Task instructions:
Nothing but an exact copy is wanted: the line with "Identify the document" and each line after it in the data below, last line included.

Records:
---+---

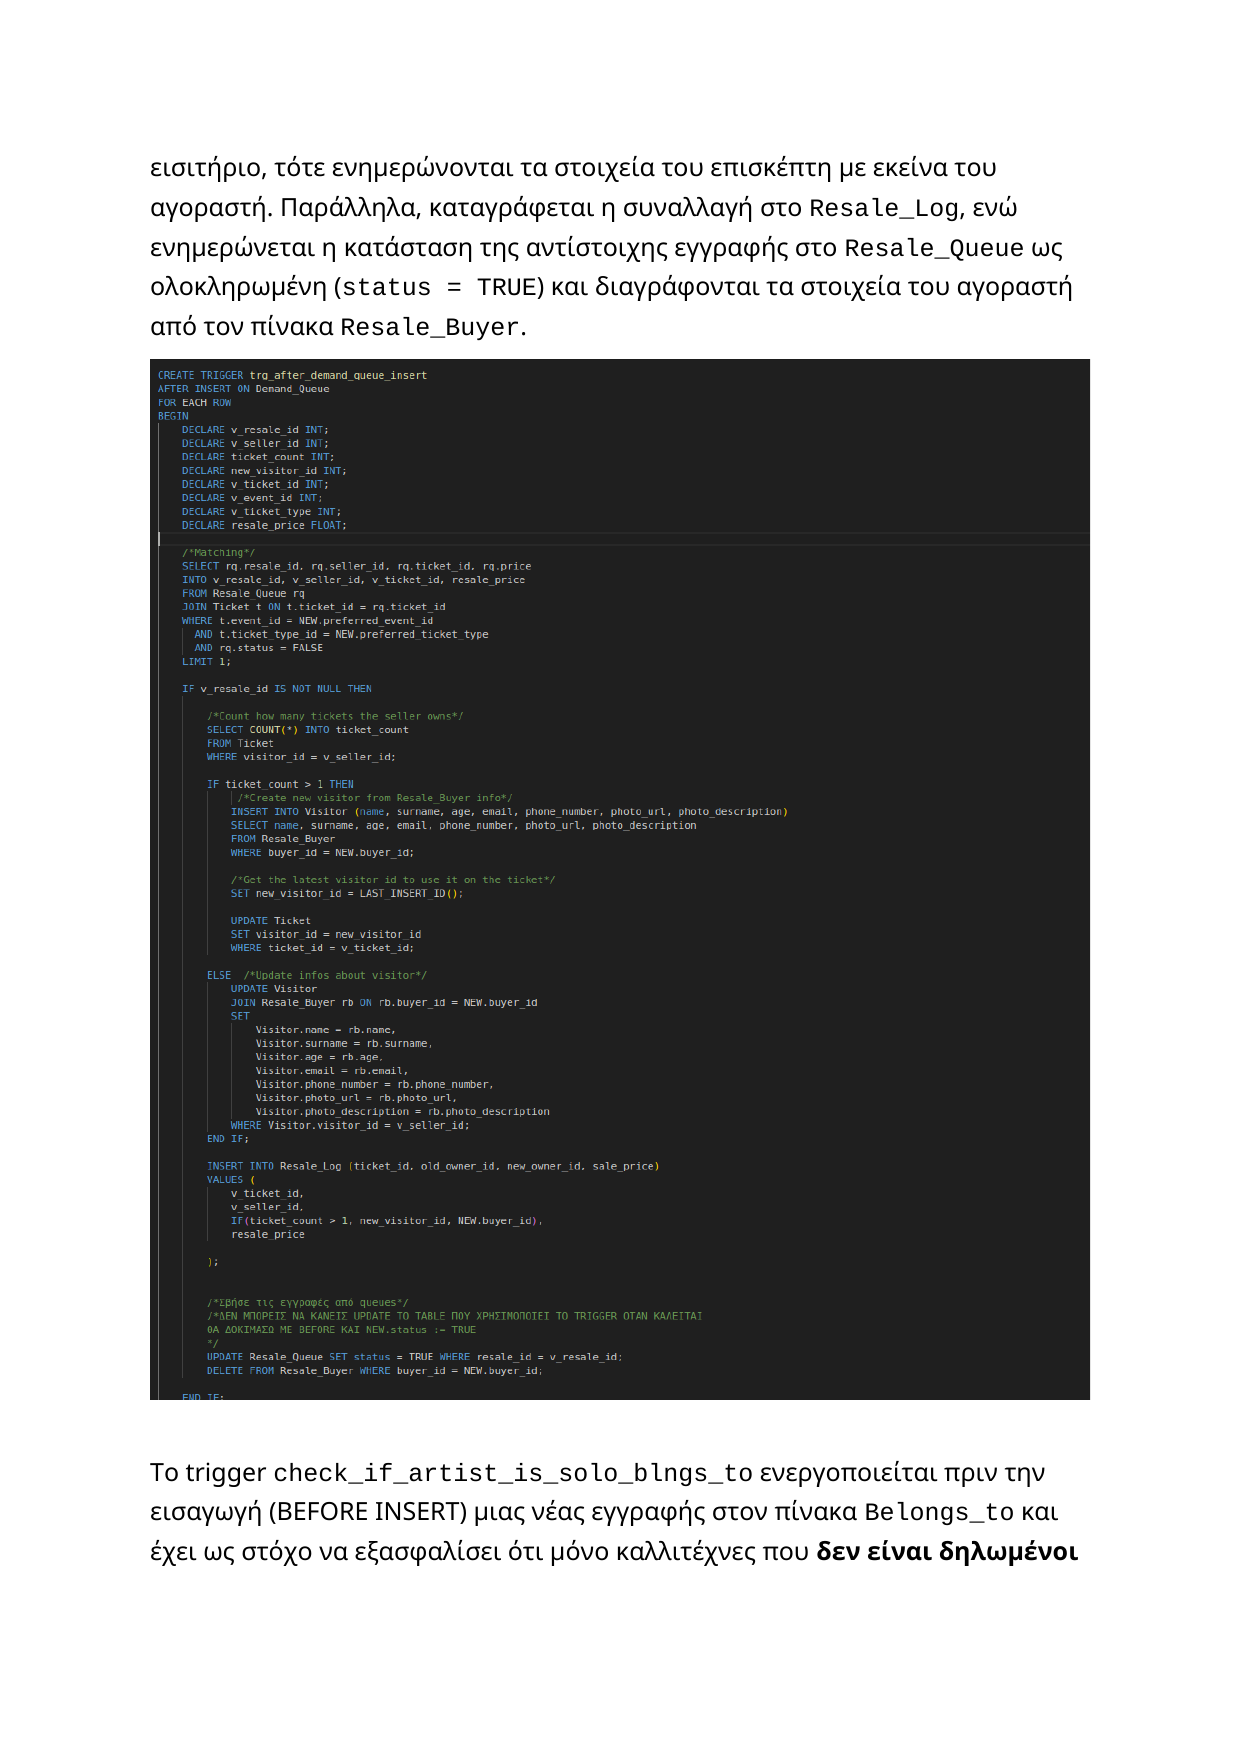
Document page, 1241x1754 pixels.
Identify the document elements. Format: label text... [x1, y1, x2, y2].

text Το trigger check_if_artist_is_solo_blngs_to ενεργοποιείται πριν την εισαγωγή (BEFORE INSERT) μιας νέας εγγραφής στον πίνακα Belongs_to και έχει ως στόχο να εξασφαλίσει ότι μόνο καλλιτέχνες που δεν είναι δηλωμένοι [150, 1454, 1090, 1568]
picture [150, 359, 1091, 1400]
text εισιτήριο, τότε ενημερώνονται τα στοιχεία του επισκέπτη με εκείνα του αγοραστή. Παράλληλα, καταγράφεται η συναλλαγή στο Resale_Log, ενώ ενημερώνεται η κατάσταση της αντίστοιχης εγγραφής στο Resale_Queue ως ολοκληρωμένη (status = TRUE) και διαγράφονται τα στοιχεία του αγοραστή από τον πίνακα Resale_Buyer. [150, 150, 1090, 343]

---+---

Solution to this exercise:
Identify the document elements. Format: label text... [x1, y1, x2, y2].

text Το trigger check_if_artist_is_solo_blngs_to ενεργοποιείται πριν την εισαγωγή (BEFORE INSERT) μιας νέας εγγραφής στον πίνακα Belongs_to και έχει ως στόχο να εξασφαλίσει ότι μόνο καλλιτέχνες που δεν είναι δηλωμένοι [150, 1454, 1090, 1568]
picture [150, 359, 1091, 1400]
text εισιτήριο, τότε ενημερώνονται τα στοιχεία του επισκέπτη με εκείνα του αγοραστή. Παράλληλα, καταγράφεται η συναλλαγή στο Resale_Log, ενώ ενημερώνεται η κατάσταση της αντίστοιχης εγγραφής στο Resale_Queue ως ολοκληρωμένη (status = TRUE) και διαγράφονται τα στοιχεία του αγοραστή από τον πίνακα Resale_Buyer. [150, 150, 1090, 343]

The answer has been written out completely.